- Born: John Patrick Fallon October 13, 1915 London, Ontario, Canada
- Died: May 22, 2006 (aged 90) London, England
- Genres: Jazz
- Occupation: Musician
- Instruments: Double bass; violin;
- Years active: 1940–1998

= Jack Fallon =

British jazz bassist (1915–2006)

John Patrick Fallon (October 13, 1915 – May 22, 2006) was a Canadian-born British jazz bassist.

Fallon played violin and studied with London Symphony Orchestra founder Bruce Sharpe before making double-bass his primary instrument in 1935, when he was 20 years old. During World War II he played in a dance band in the Royal Canadian Air Force, and settled in Britain after his discharge. He joined the band of Ted Heath in 1946, and played bebop in London clubs in his spare time. In 1947 he played with Ronnie Scott and Tommy Whittle at the Melody Maker/Columbia Jazz Rally, and following this worked with Jack Jackson (1947), George Shearing (1948), Duke Ellington (1948), and Django Reinhardt (1949). Soon after playing with Reinhardt, he played in a Count Basie ensemble which also included Malcolm Mitchell and Tony Crombie; he played with both of them after leaving Basie, working together with Hoagy Carmichael and Maxine Sullivan and touring in Sweden together with Reinhardt and Stéphane Grappelli. His bass is from da Salo.

Fallon worked in the 1950s as an accompanist to Mary Lou Williams, Sarah Vaughan, and Lena Horne, and also served as a sideman in the ensembles of Humphrey Lyttelton, Kenny Baker, and Ralph Sharon. Additionally, he was house bassist at Lansdowne Studios. He worked outside of jazz with blues musicians such as Big Bill Broonzy and Josh White, and played with Johnny Duncan's Blue Grass Boys. As the bass guitar became more popular, Fallon became a champion of its use, and played both instruments in the latter part of his career.

Fallon was also involved in the industry as a booker and promoter, having established the booking agency Cana Variety in 1952. Cana booked primarily jazz artists in its early stages but expanded to rock acts in the 1960s, including The Beatles and The Rolling Stones. Because of this connection, Fallon was asked by the Beatles to play the violin fiddle-style on the song "Don't Pass Me By" in 1968.

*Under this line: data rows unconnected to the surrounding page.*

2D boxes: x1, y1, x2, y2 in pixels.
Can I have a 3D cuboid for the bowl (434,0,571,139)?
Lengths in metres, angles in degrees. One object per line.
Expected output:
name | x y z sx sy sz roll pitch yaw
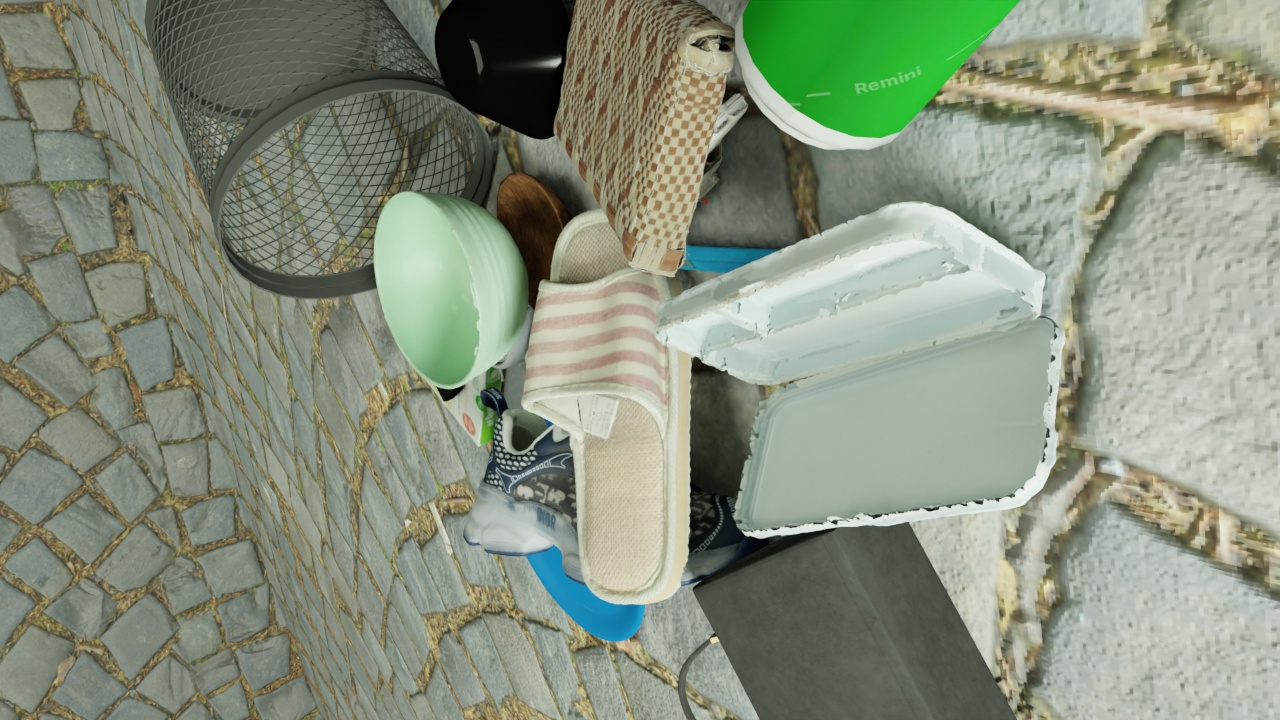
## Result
bowl | -0.100 -0.202 0.604 0.124 0.052 0.124 34 137 39

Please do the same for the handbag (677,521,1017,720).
handbag | 0.096 0.197 0.544 0.196 0.072 0.175 -33 81 40

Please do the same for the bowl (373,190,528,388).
bowl | -0.137 -0.060 0.708 0.151 0.076 0.151 23 122 43

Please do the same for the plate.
plate | -0.060 0.147 0.834 0.224 0.024 0.225 32 134 41

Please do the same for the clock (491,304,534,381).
clock | -0.122 -0.047 0.792 0.094 0.035 0.123 46 143 28

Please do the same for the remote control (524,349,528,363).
remote control | -0.058 -0.001 0.735 0.060 0.028 0.115 64 150 6

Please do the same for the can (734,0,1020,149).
can | 0.101 -0.153 0.355 0.087 0.087 0.140 58 147 13

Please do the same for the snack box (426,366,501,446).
snack box | -0.195 -0.014 0.927 0.168 0.027 0.132 46 142 29

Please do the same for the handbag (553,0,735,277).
handbag | -0.001 -0.144 0.499 0.185 0.047 0.124 -117 35 -49

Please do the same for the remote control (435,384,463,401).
remote control | -0.217 -0.032 0.907 0.150 0.013 0.035 62 146 5

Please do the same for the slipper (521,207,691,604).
slipper | -0.024 0.026 0.596 0.115 0.052 0.262 -13 78 36

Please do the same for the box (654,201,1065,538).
box | 0.086 0.008 0.445 0.211 0.105 0.129 -27 45 55

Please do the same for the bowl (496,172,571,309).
bowl | -0.072 -0.090 0.701 0.102 0.026 0.114 22 128 48

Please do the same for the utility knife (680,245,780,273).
utility knife | 0.083 -0.053 0.501 0.221 0.031 0.015 8 75 50

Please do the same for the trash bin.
trash bin | -0.270 -0.207 0.750 0.227 0.217 0.218 57 147 23

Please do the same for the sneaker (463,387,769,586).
sneaker | -0.028 0.084 0.679 0.270 0.103 0.132 3 95 40

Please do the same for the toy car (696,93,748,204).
toy car | 0.028 -0.109 0.540 0.039 0.039 0.113 46 147 -6

In 1957, Fallon married Jean Lovell and they had three children. Fallon continued to play jazz locally in London and in the studios into the 1990s. He retired from performing in 1998 due to ill health. In 2002, he was awarded the Freedom of the City of London. He published a memoir entitled From the Top in 2005, and died the following year at age 90. His funeral was held on June 7, 2006 in London. In 2015, he was posthumously inducted into the London Music Hall of Fame (in London, Ontario).